Compute matrix determinant for matrix with $\lambda$ on diagonal and $\mu$ elsewhere Given $n\in \mathbb N$, how can I compute the determinant of $(a_{ij})_{1\leq i,j \leq n} \in \mathcal M_{n\times n}(\mathbb R)$ where, for each $1\leq i,j\leq n:$ $$a_{ij}= \begin{cases} \lambda &i=j \\ \mu & i\neq j \end{cases}$$
The only (or the only easy) way to do this I think involves using Laplace's formula, expanding along any row. But doing this everything gets too messy, I can't express it in a good way. I tried to get a recursive relation and prove it via induction but didn't get anywhere. Is there an easier way? Any hints appreciated.
 A: Let $A$ be the matrix:
$$\begin{pmatrix}
\lambda & \mu & \mu & \cdots & \mu \\
\mu & \lambda & \mu & \cdots & \mu \\
\mu & \mu & \lambda & \cdots & \mu \\
\vdots & \vdots & \vdots && \vdots \\
\mu & \mu & \mu & \cdots & \lambda \\
\end{pmatrix}$$

Consider:
$$\begin{pmatrix}
\lambda & \mu & \mu & \cdots & \mu \\
\mu & \lambda & \mu & \cdots & \mu \\
\mu & \mu & \lambda & \cdots & \mu \\
\vdots & \vdots & \vdots && \vdots \\
\mu & \mu & \mu & \cdots & \lambda \\
\end{pmatrix}
\begin{pmatrix}1\\1\\1\\\vdots\\1\end{pmatrix}
=
\begin{pmatrix}\lambda+(n-1)\mu\\\lambda+(n-1)\mu\\\lambda+(n-1)\mu\\\vdots\\\lambda+(n-1)\mu\end{pmatrix}
=
\left[\lambda+(n-1)\mu\right]
\begin{pmatrix}1\\1\\1\\\vdots\\1\end{pmatrix}$$
Hence, $\left[\lambda+(n-1)\mu\right]$ is an eigenvalue of $A$.

Consider:
$$\begin{pmatrix}
\lambda & \mu & \mu & \cdots & \mu \\
\mu & \lambda & \mu & \cdots & \mu \\
\mu & \mu & \lambda & \cdots & \mu \\
\vdots & \vdots & \vdots && \vdots \\
\mu & \mu & \mu & \cdots & \lambda \\
\end{pmatrix}
\begin{pmatrix}1\\0\\0\\\vdots\\-1\end{pmatrix}
=
\begin{pmatrix}\lambda-\mu\\0\\0\\\vdots\\\mu-\lambda\end{pmatrix}
=
\left[\lambda-\mu\right]
\begin{pmatrix}1\\0\\0\\\vdots\\-1\end{pmatrix}$$
Hence, $\left[\lambda-\mu\right]$ is an eigenvalue of $A$.
One can construct other eigenvalues using this method, so in total we will have $(n-1)$ eigenvalues which are $\left[\lambda-\mu\right]$.

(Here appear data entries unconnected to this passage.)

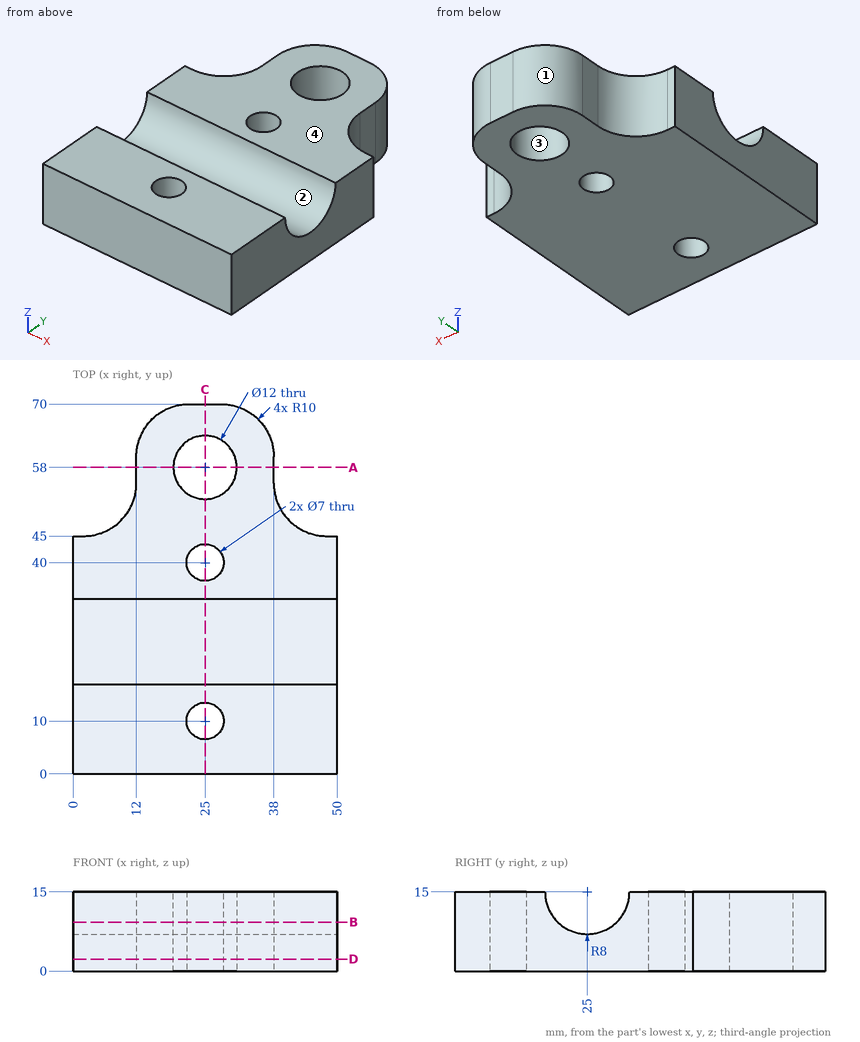
Design review of the part shown in the three views and the two pictorial views. Dimensions are in mm from the part's minimum x, y and z. Coordinates: 2 decimals unless noted, no trailing zeros. Order: outer loops, then holes, each group sorted by start corner. A loop starts at its lowest first (then second) coordinate and runs counter-clockwise, first axis right, second up.
1) Clearance check with flat-ended pins moving along their axes: pin 1 (8 mm diameter, centred on x = 6, z = 9.5, fed in from -Y); pin 2 (11 mm diameter, centred on x = 25, y = 58, fed in from -Z); pin 3 (1.6 mm diameter, centred on x = 1.5, z = 7, fed in from +Y); pin 4 (5.5 mm diameter, centred on y = 58.5, z = 11, fed in from +X). State where each tip first meets the part, or that it passes through.
2) Mouldability with a two-part tool opening along Y and no side actions: class the marked faces 1, 2, 3 and 4 as +Y half, -Y half, draft (parallel to the pull), parting line (faces both ways), or undercut.
3) Take a section at D-D, the plane z = 2.25. Give the boundary of the cut face in (x, y).
4) Wall thickness on line 1 along Y through (x, z) = (25, 5.75); line 2 along Y through (x, z) = (25, 11.5); line 3 along X through (y, z) = (10, 6.75): over which ranges is each line inside the solid? List them lowest first.
5) Take a section at B-B, the plane z = 9.25. Give the boundary of the cut face in (x, y), and give its area (3 significant figures).
6) Take a section at A-A, the plane y = 58. Give the boundary of the cut face in (x, z).
7) Take a section at C-C, the plane x = 25. Give the boundary of the cut face in (y, z).
Returned:
1. pin 1: stops at y = 0
1. pin 2: passes through
1. pin 3: stops at y = 45
1. pin 4: stops at x = 38
2. face 1: +Y half
2. face 2: undercut
2. face 3: undercut
2. face 4: draft
3. outline: (0, 0) - (50, 0) - (50, 45) - (48, 45) arc R10 cw to (38, 55) - (38, 60) arc R10 ccw to (28, 70) - (22, 70) arc R10 ccw to (12, 60) - (12, 55) arc R10 cw to (2, 45) - (0, 45) - close; hole circle Ø12 at (25, 58); hole circle Ø7 at (25, 10); hole circle Ø7 at (25, 40)
4. line 1: y = 0 to 6.5, 13.5 to 36.5, 43.5 to 52, 64 to 70
4. line 2: y = 0 to 6.5, 13.5 to 17.81, 32.19 to 36.5, 43.5 to 52, 64 to 70
4. line 3: x = 0 to 21.5, 28.5 to 50
5. outline: (0, 0) - (50, 0) - (50, 19.44) - (0, 19.44) - close; (0, 30.56) - (50, 30.56) - (50, 45) - (48, 45) arc R10 cw to (38, 55) - (38, 60) arc R10 ccw to (28, 70) - (22, 70) arc R10 ccw to (12, 60) - (12, 55) arc R10 cw to (2, 45) - (0, 45) - close; hole circle Ø12 at (25, 58); hole circle Ø7 at (25, 10); hole circle Ø7 at (25, 40)
5. area: 2,150 mm2
6. outline: (12, 0) - (19, 0) - (19, 15) - (12, 15) - close; (31, 0) - (38, 0) - (38, 15) - (31, 15) - close
7. outline: (0, 0) - (6.5, 0) - (6.5, 15) - (0, 15) - close; (13.5, 0) - (36.5, 0) - (36.5, 15) - (33, 15) arc R8 cw to (17, 15) - (13.5, 15) - close; (43.5, 0) - (52, 0) - (52, 15) - (43.5, 15) - close; (64, 0) - (70, 0) - (70, 15) - (64, 15) - close

$$\det A = \prod \lambda_k = \left[\lambda+(n-1)\mu\right]\left[\lambda-\mu\right]^{n-1}$$
A: Let $v$ be a column vector of ones. Then $vv^T$ is a matrix of ones, and the matrix of interest can be expressed as $\mu (vv^T)+(\lambda-\mu)I_n.$ The determinant of this rank-one matrix can then be found in a number of ways e.g. using the matrix determinant lemma, considering the eigenvalues, etc.